社長の独り言
● ウクライナホテル

ロシアの南への玄関口にあたるキエフ駅付近は、スリの被害や酔っ払いのトラブルが絶えない厄介な場所のひとつであった。が、久しぶりに車で通ったら花壇や噴水が整備され、ヨーロッパ広場と呼ばれる憩いの場所と化していた。

 

キエフ駅を背に、モスクワ川を前方に見て、左手道路を越えたところにソ連時代を代表するゴシック建築のウクライナホテルの尖塔が空に伸びている。現在は改修中ということで閉鎖されているが、ソ連時代は外国人が宿泊できる数少ないホテルの一つであり、多くの日本人もこのホテルに宿泊し、ビジネスや観光の拠点としていた。しかし、ホテルの地下の大防空壕、いや倉庫街に足を踏み入れた日本人は、めったにいないであろう。

 

私のロシアビジネス体験のなかで、強烈に脳裏に残っている風景がある。

10数年前、日本の造花を輸出するビジネスを手がけていた頃、造形植物のグリーンを現地調達するため、紹介されるままウクライナホテルの地下に案内された。

車でホテルの裏に廻ると、外からは見えにくいが、ゆるい下り坂の先に重厚な鉄の扉があった。通訳兼案内のロシア人男性が扉の脇のボタンを押し、しばらくすると扉がゆっくりと観音開きに動き出した。

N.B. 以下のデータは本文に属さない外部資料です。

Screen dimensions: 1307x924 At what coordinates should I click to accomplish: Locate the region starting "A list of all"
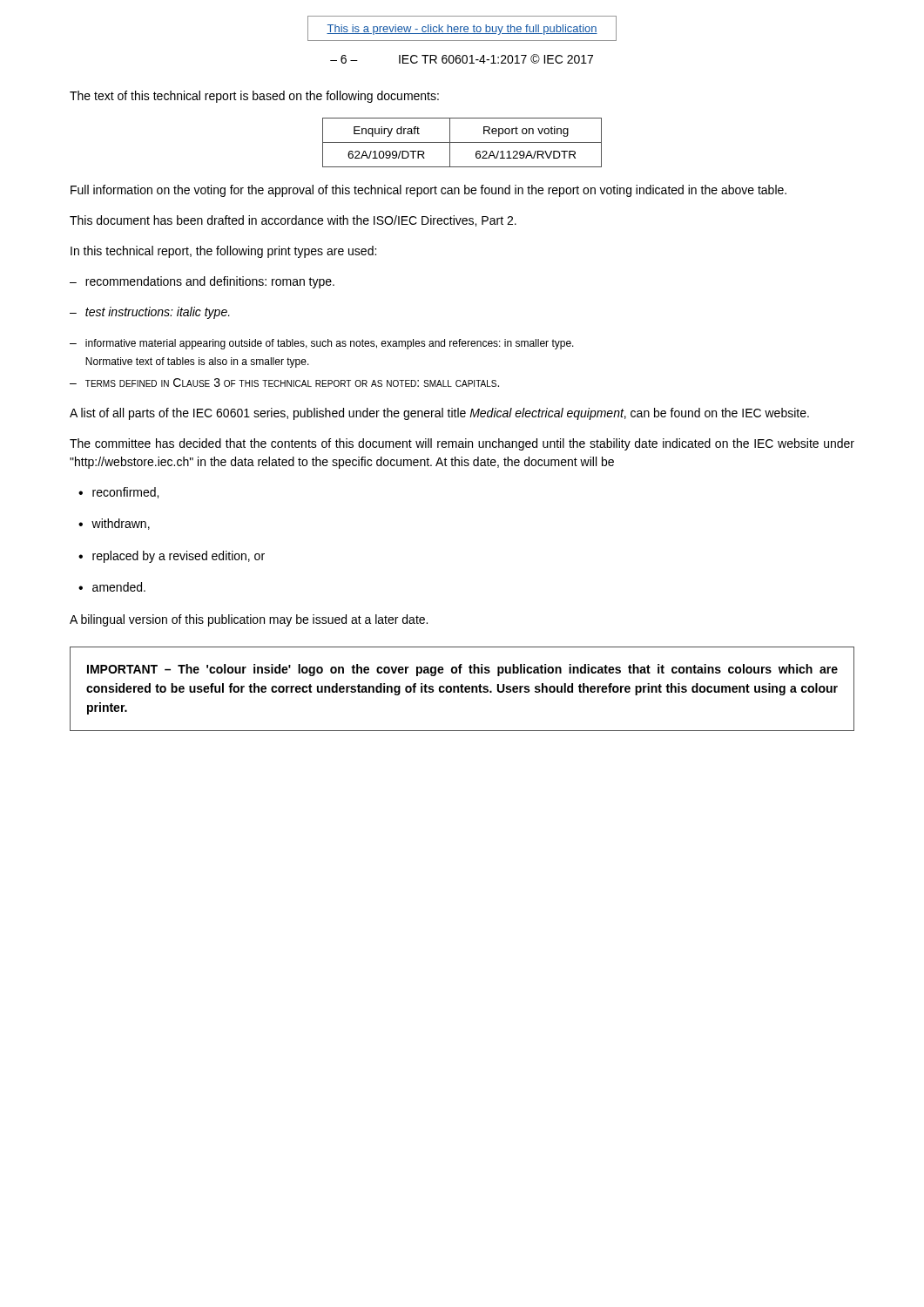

正面に壁があり、眼を凝らすと、その左右に奥へ続く道らしきものが見えた。左側の道に車を入れると、入れ違いに右側の道から突然大型トラックがかなりのスピードで走り去っていった。私達の乗用車はライトをつけ、奥へ進んでいく。一定の間隔で壁に小さな照明がついているほかは真っ暗である。数台の車とすれ違ったり、止まっている車を追い越したりしたが、どう考えてもここはウクライナホテルの地下。とある壁の前で車が止まった。壁とばかり思っていたが、よく見ると所々にドアがある。もっとよく見るとドアには数字や記号らしきものが書いてある。案内人は持ってきたメモとドアの文字を確認するとノックした。ドアが内側に開き、中近東あたりの風貌をした男性が、中に招きいれた。

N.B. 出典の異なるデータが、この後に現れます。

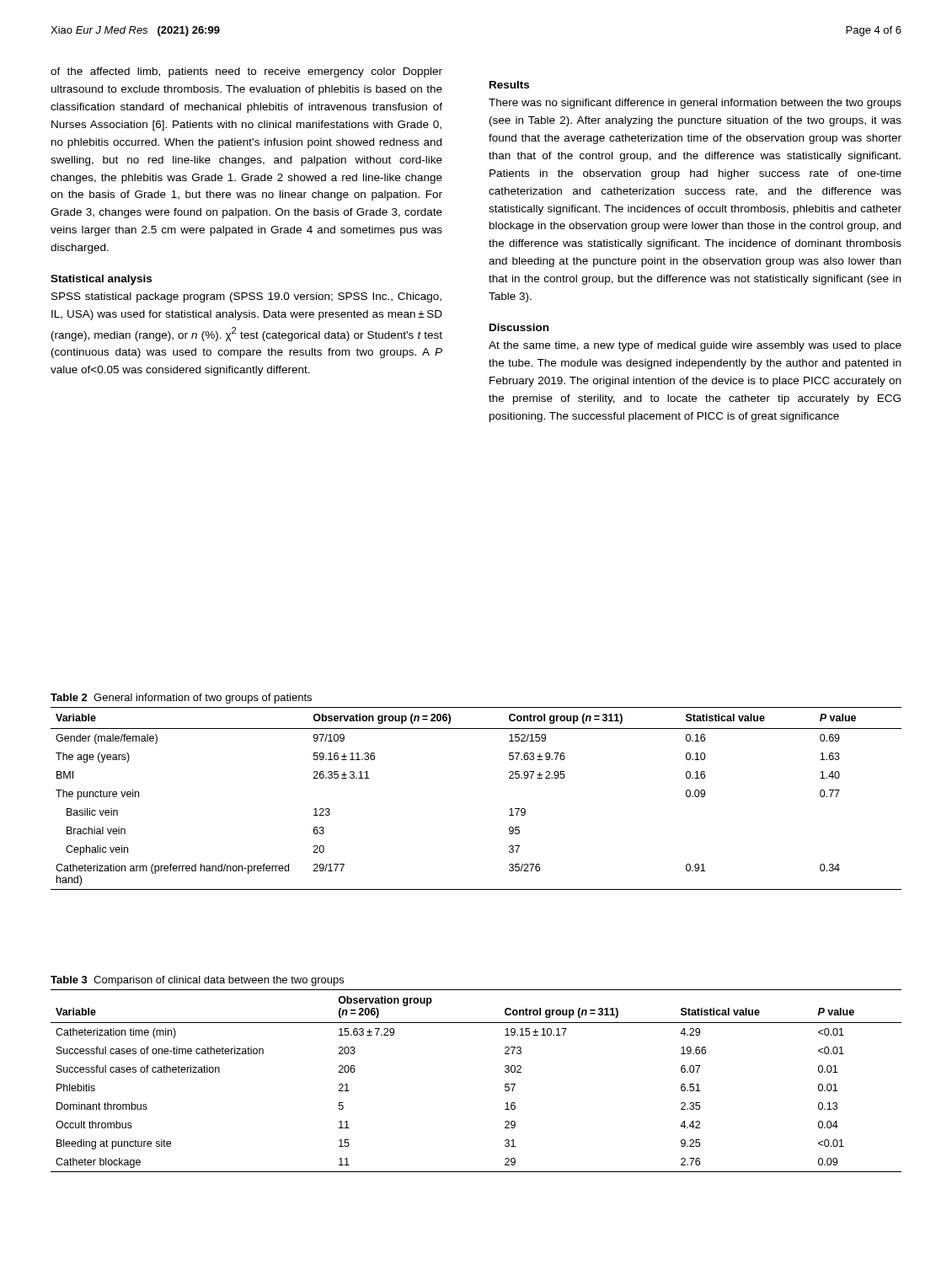Find the element starting "of the affected limb, patients need"

click(x=246, y=159)

部屋の中は明るく、いくつかの部屋や地下への階段、2階、3階への階段があった。立派な倉庫である。私達が必要とする造形グリーンやその他、ディスプレイに使用できそうなものが棚に満載されている。東南アジア、イスラエル、アフリカなどから運ばれてきたものらしい。つまりここはグレーマーケットの倉庫か。他のドアを開けたら、おそらく化粧品、コンピュータ、家電製品、自動車部品、自動車もあるかもしれない。

とりあえず必要なものを注文。金額交渉を始めようとしたが、もしこの場で事故や事件にあって命を落としても、遺体は絶対発見されないだろという恐怖心が湧いてきた。早く逃げ出したい!

 

再び重い鉄の扉から、外の空気に触れたとき、ひと時の悪夢からさめた心地がした。ホテルの改修であの地下倉庫街はどのように変身するのだろうか。それともソ連時代の遺物として闇に消えていくのであろうか。